Attribution to Minor Children Updated
Before SECURE 2.0: When parents of a minor child (defined as under age 21) each separately owned 100% of their separate businesses, those businesses were considered related – a single employer for retirement plan purposes – just because the parents had a minor child. The child was deemed an owner of the businesses, causing them to be under common control. That was true regardless of the parents’ marital status.
SECURE 2.0 Change: Now, ownership attribution through a minor, in and of itself, won’t result in a controlled or affiliated service group.
What Does it All Mean?
The reform in family attribution rules may redefine who is the employer for retirement plan purposes impacting plan operations, funding and deduction rules, compliance testing, and Form 5500 filing requirements. Businesses should be regularly reviewed to ensure related entities are appropriately identified, and this is especially important in the wake of a change in the rules. In particular, businesses that were members of a related employer group before the enactment of SECURE 2.0 should work with their legal counsel and retirement plan consultants to review whether their ownership and related employer group status has changed under the updated family attribution rules effective in 2024.
Here are a few examples of the consequences of such a change on a workplace savings plan.
- If a related employer group no longer exists, businesses once covered under a single plan, will now find themselves able to maintain their own separate retirement savings programs. In some instances, splitting apart existing plans into separate plans for each business will offer simplicity and improve outcomes. If the employers continue to maintain an existing retirement plan together the plan becomes a Multiple Employer Plan, and certain plan operations that were once performed for the related group as a whole must now be performed separately for each business (most notably the annual compliance testing and funding and deduction rules).
- If a related employer group no longer exists, businesses maintaining separate retirement plans that were combined for annual compliance testing will now operate entirely separately.

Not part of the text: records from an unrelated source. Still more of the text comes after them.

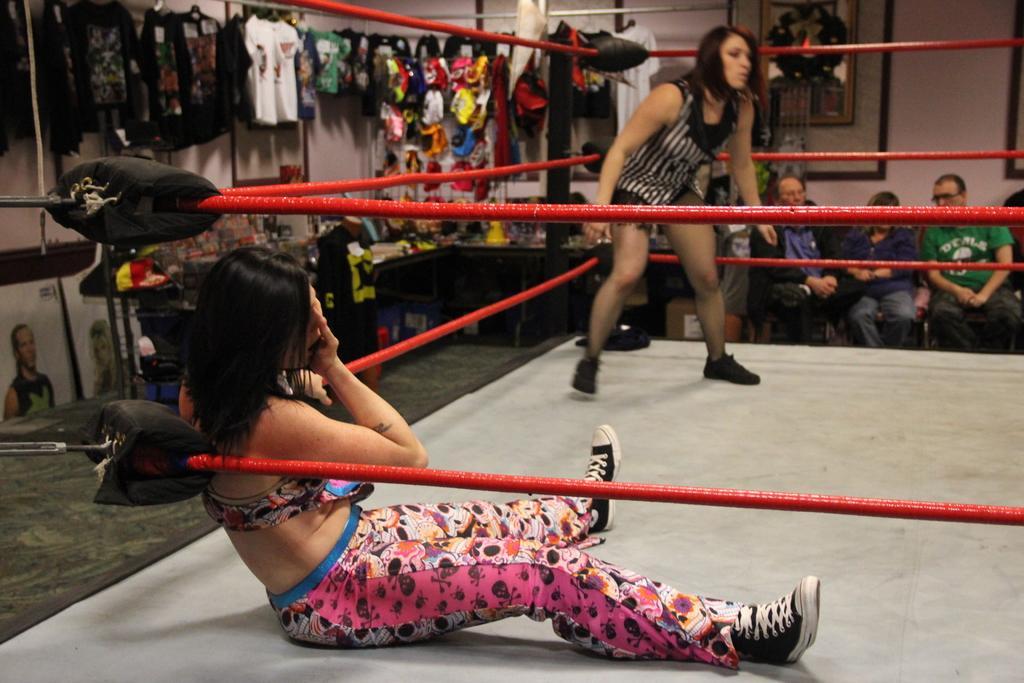Can you describe this image briefly? In this image there are two people in a boxing ring. Behind them there are clothes and a few other objects on the hangers. There are some objects on the table. There are people sitting on the chairs. There are photo frames on the wall. 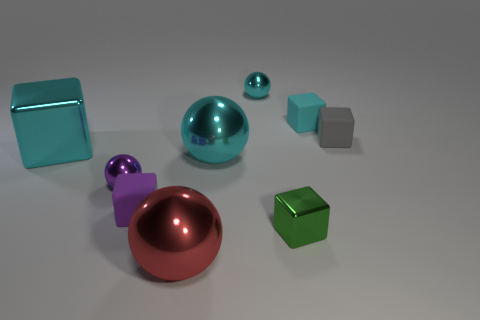What color is the large cube that is to the left of the cyan thing right of the small ball that is behind the gray block?
Offer a terse response. Cyan. The sphere that is the same size as the red shiny object is what color?
Provide a short and direct response. Cyan. What number of matte things are balls or cubes?
Give a very brief answer. 3. There is a big block that is made of the same material as the green thing; what color is it?
Provide a short and direct response. Cyan. What is the material of the cyan thing that is in front of the shiny cube that is behind the small green thing?
Provide a succinct answer. Metal. How many objects are either objects behind the small purple rubber cube or cyan blocks that are on the left side of the tiny cyan block?
Provide a short and direct response. 6. What size is the cyan shiny object to the left of the sphere that is in front of the small metallic block that is in front of the gray matte object?
Provide a short and direct response. Large. Is the number of tiny metallic objects to the right of the purple ball the same as the number of gray rubber objects?
Offer a very short reply. No. Is there anything else that is the same shape as the cyan rubber thing?
Provide a succinct answer. Yes. There is a purple matte object; does it have the same shape as the rubber object behind the gray matte block?
Offer a terse response. Yes. 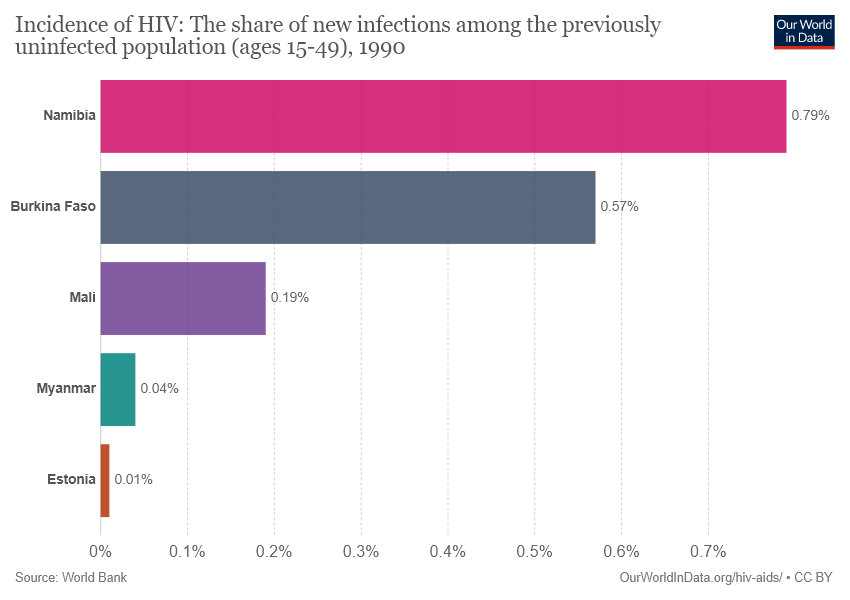Identify some key points in this picture. The sum of the last four bars is greater than Namibia. There are five color bars displayed in the chart. 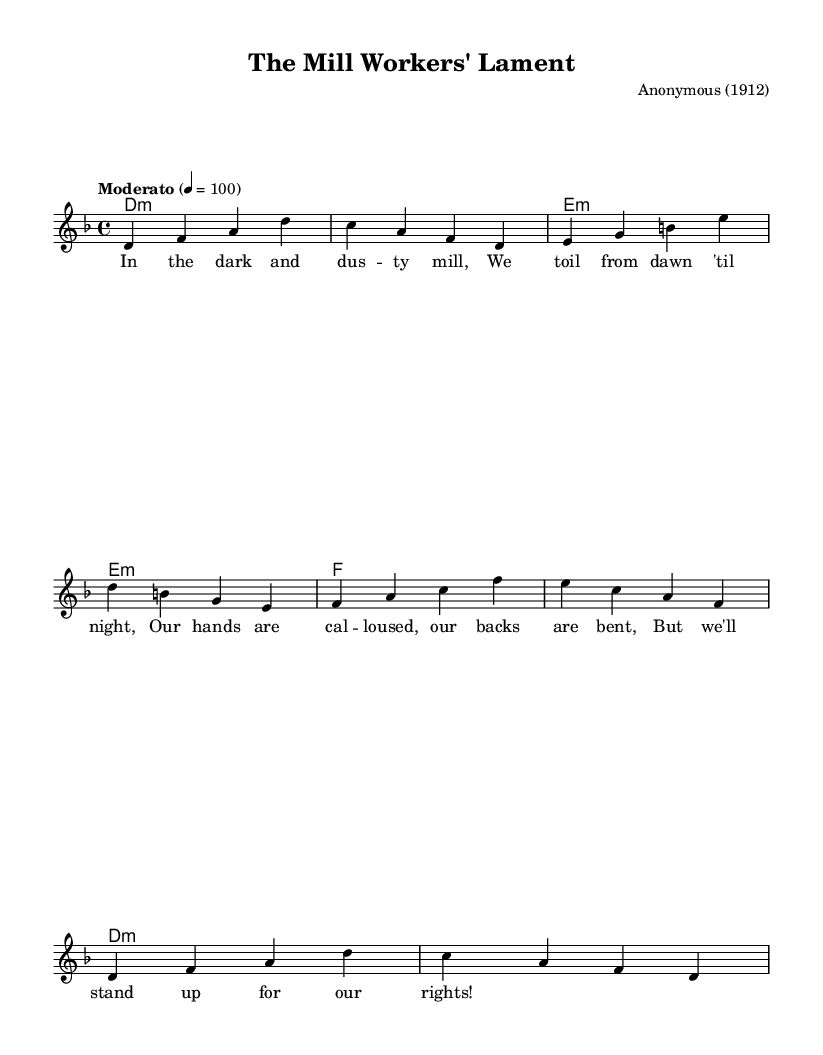What is the key signature of this music? The key signature is indicated with flat or sharp symbols at the beginning of the staff. In this case, it shows that there are no sharps or flats, meaning the piece is in D minor.
Answer: D minor What is the time signature of this music? The time signature is found at the beginning of the piece, denoting how many beats are in each measure. Here, it shows 4 over 4, which means there are four beats per measure.
Answer: 4/4 What is the indicated tempo marking for this music? The tempo marking is usually written above the first measure. In this piece, the term "Moderato" is provided along with a tempo of quarter note equals 100, indicating the speed of the music.
Answer: Moderato 4 = 100 How many measures are in the melody section? By counting the number of segments separated by vertical lines in the melody part, we find there are eight distinct measures in the melody section.
Answer: 8 What is the first lyric of the song? The lyrics are aligned with the notes in the melody section, and the first line of lyrics states, "In the dark and dus -- ty mill," which begins the song's theme.
Answer: In the dark and dus -- ty mill What type of song is "The Mill Workers' Lament"? Based on the title and the lyrics, this piece is categorized as a labor union protest song, which addresses the conditions and rights of workers during the early 20th century.
Answer: Labor union protest song 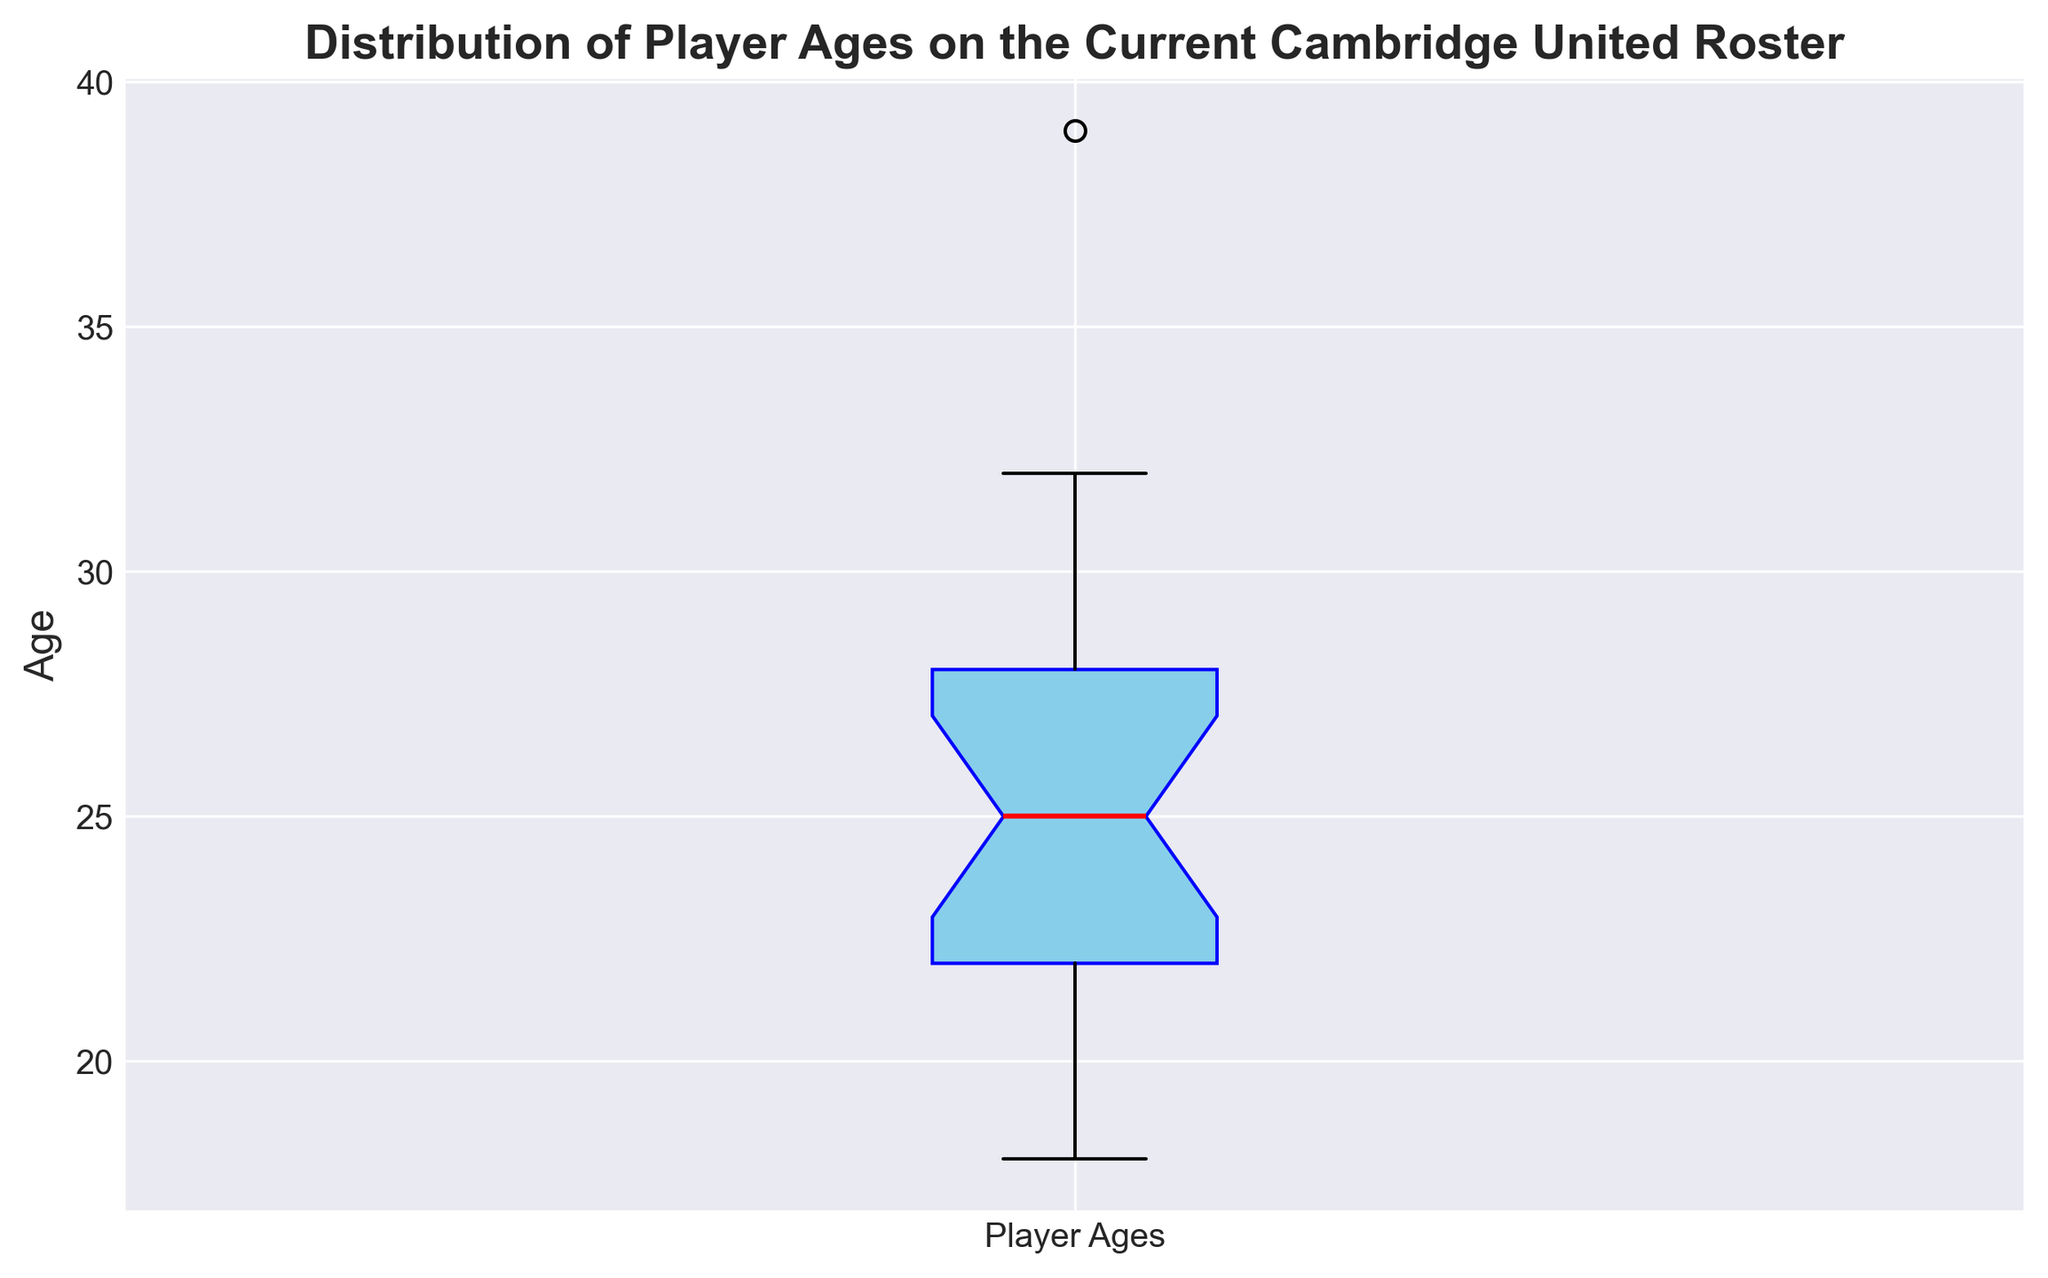What is the median age of the players? Since it's a box plot, the median age is represented by the red horizontal line inside the box. The median age of the players is given by the value of this line.
Answer: 25 What is the range of player ages on the Cambridge United roster? The range of the player ages is the difference between the maximum and minimum values, which are shown by the top and bottom whiskers of the box plot.
Answer: 39 - 18 = 21 Which player age represents the upper quartile in the distribution? The upper quartile (Q3) is represented by the top edge of the box. This value indicates the 75th percentile of the data.
Answer: 29 Are there any outliers in the distribution of player ages? Outliers in a box plot are typically represented by individual points outside the whiskers. From the box plot, if no single data points are isolated outside the whiskers, it means there are no outliers.
Answer: No How does the age of the oldest player compare to the interquartile range (IQR)? The Interquartile Range (IQR) is the difference between Q1 and Q3. The oldest player's age is the maximum value represented by the upper whisker. Comparing it involves checking how far the top whisker extends beyond Q3 and if it covers a significant portion relative to the IQR's length.
Answer: The oldest player is 39, more than a full IQR (6 years) above Q3 (29) What is the average age of the players within the interquartile range (IQR)? The IQR includes ages between Q1 (21) and Q3 (29). The ages within this range are 22, 23, 24, 25, 26, 27, and 28. Sum these values and divide by the number of players. (22+23+24+25+26+27+28) / 7 = 25
Answer: 25 What does the height of the box in the box plot indicate about the distribution of player ages? The height of the box corresponds to the IQR, which indicates how spread out the middle 50% of the ages are. Taller boxes indicate more variability within this range.
Answer: It indicates a moderate spread of ages in the middle 50% Do more players fall above or below the median age? The box plot shows the median with a red line. We compare the number of ages above and below this line. From the median line, there would be an equal number above and below if the distribution is symmetric.
Answer: Equal number above and below What age marks the 25th percentile in the player distribution? The 25th percentile, or Q1, is indicated by the bottom edge of the box. This value represents the age below which 25% of the players fall.
Answer: 21 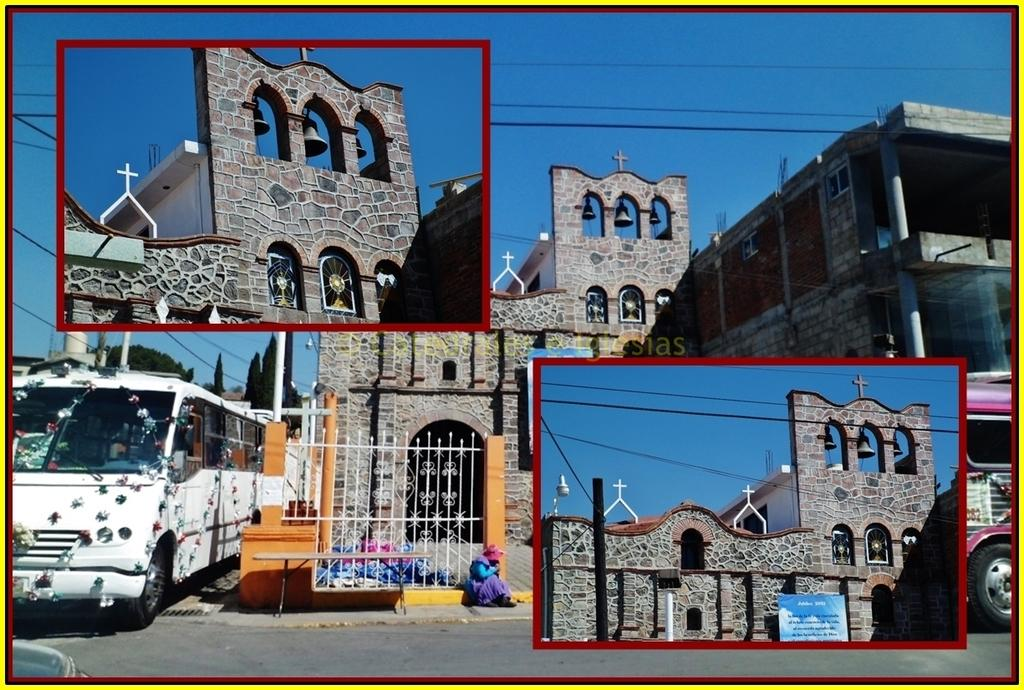How many photos can be seen in the image? There are two photos in the image. What else is visible besides the photos? There is a building and vehicles present in the image. What is the color of the sky in the image? The sky is blue in the image. What type of oatmeal is being served in the yard in the image? There is no yard or oatmeal present in the image. 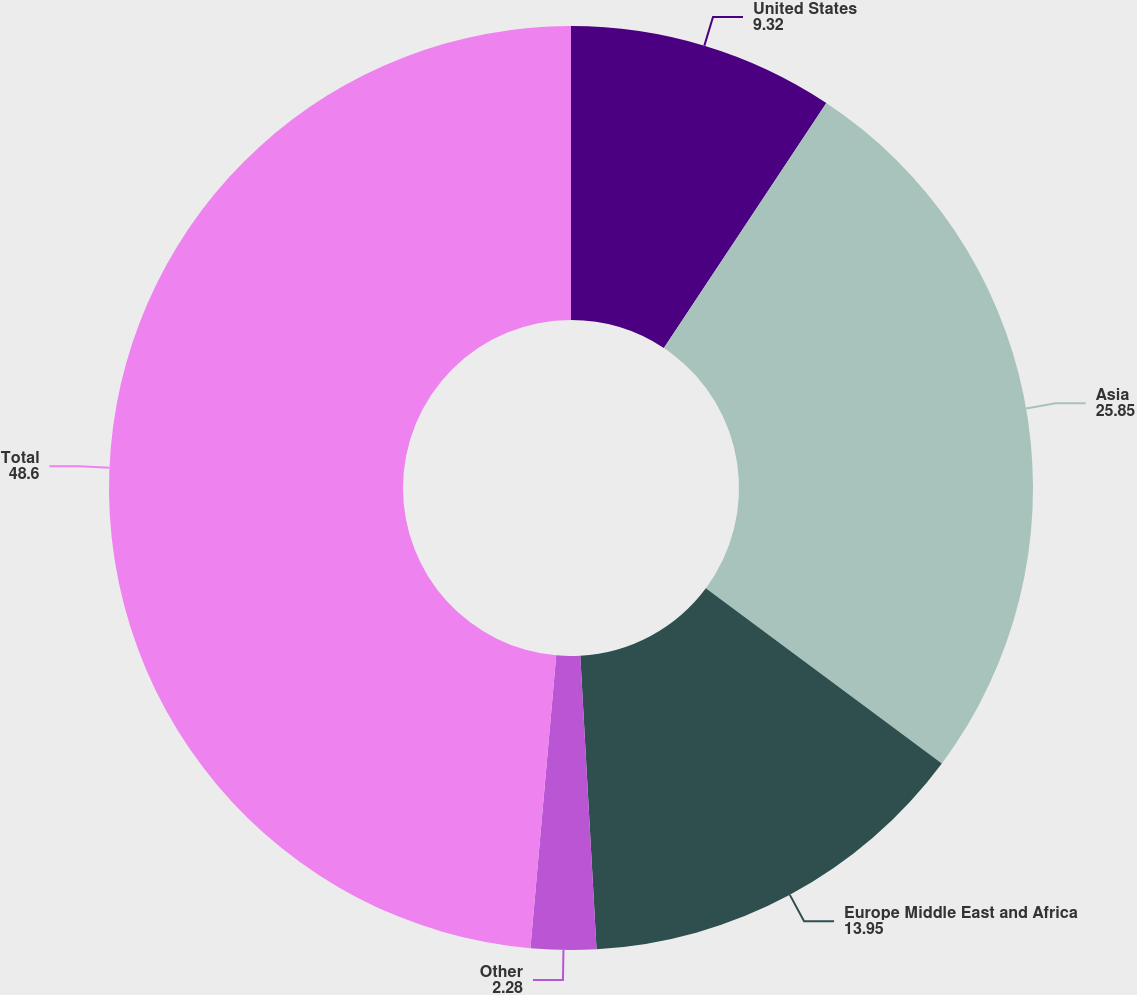<chart> <loc_0><loc_0><loc_500><loc_500><pie_chart><fcel>United States<fcel>Asia<fcel>Europe Middle East and Africa<fcel>Other<fcel>Total<nl><fcel>9.32%<fcel>25.85%<fcel>13.95%<fcel>2.28%<fcel>48.6%<nl></chart> 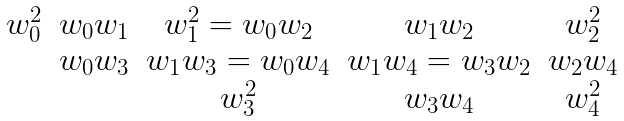Convert formula to latex. <formula><loc_0><loc_0><loc_500><loc_500>\begin{array} { c c c c c } w _ { 0 } ^ { 2 } & w _ { 0 } w _ { 1 } & w _ { 1 } ^ { 2 } = w _ { 0 } w _ { 2 } & w _ { 1 } w _ { 2 } & w _ { 2 } ^ { 2 } \\ & w _ { 0 } w _ { 3 } & w _ { 1 } w _ { 3 } = w _ { 0 } w _ { 4 } & w _ { 1 } w _ { 4 } = w _ { 3 } w _ { 2 } & w _ { 2 } w _ { 4 } \\ & & w _ { 3 } ^ { 2 } & w _ { 3 } w _ { 4 } & w _ { 4 } ^ { 2 } \end{array}</formula>

- If an employer wished to begin a retirement savings program for its employees in the past, but was stymied by the need to cover multiple businesses in a related group due to the family attribution rules in place before SECURE 2.0, they should revisit as the opportunity may now be available.
Actions to Take
- Evaluate and Adjust: Determining controlled group and affiliated service group relationships is complex. Where ownership is not straightforward, it is common for businesses to engage counsel specializing in ERISA to assist with attribution and related entity determinations. Employers should reassess their related group status to determine whether the new rules change outcomes and require proactive steps, including plan redesign and amendments, before the 2024 plan year begins.
- Use Transition Relief When Possible: If the relationship between employers changes due to the new rules, the transition relief period may be available for coverage testing in the year of change and the subsequent plan year, i.e., 2024 and 2025. It is important to note, though, that this relief is limited to coverage testing, and other compliance hurdles may be harder to overcome, making proactive planning a must.
The SECURE 2.0 Act’s changes to family attribution rules aim to provide clarity and fairness, especially for spouses running separate businesses. While these changes simplify certain aspects and allow more independent approaches for separate businesses owned within a family to operate their retirement savings programs, they also introduce new considerations and complexity. Those impacted by the related employer requirements should proactively engage with experts and review their circumstances to ensure they are well-prepared for 2024.
Let Pinnacle Plan Design Help
Consultants at Pinnacle Plan Design are actively monitoring new guidance concerning SECURE 2.0. This represents our understanding of the laws at this time. Additional guidance will provide additional clarity. If you have any questions about the application of the family attribution rules in your retirement plan, don’t hesitate to contact us at (520) 618-1305.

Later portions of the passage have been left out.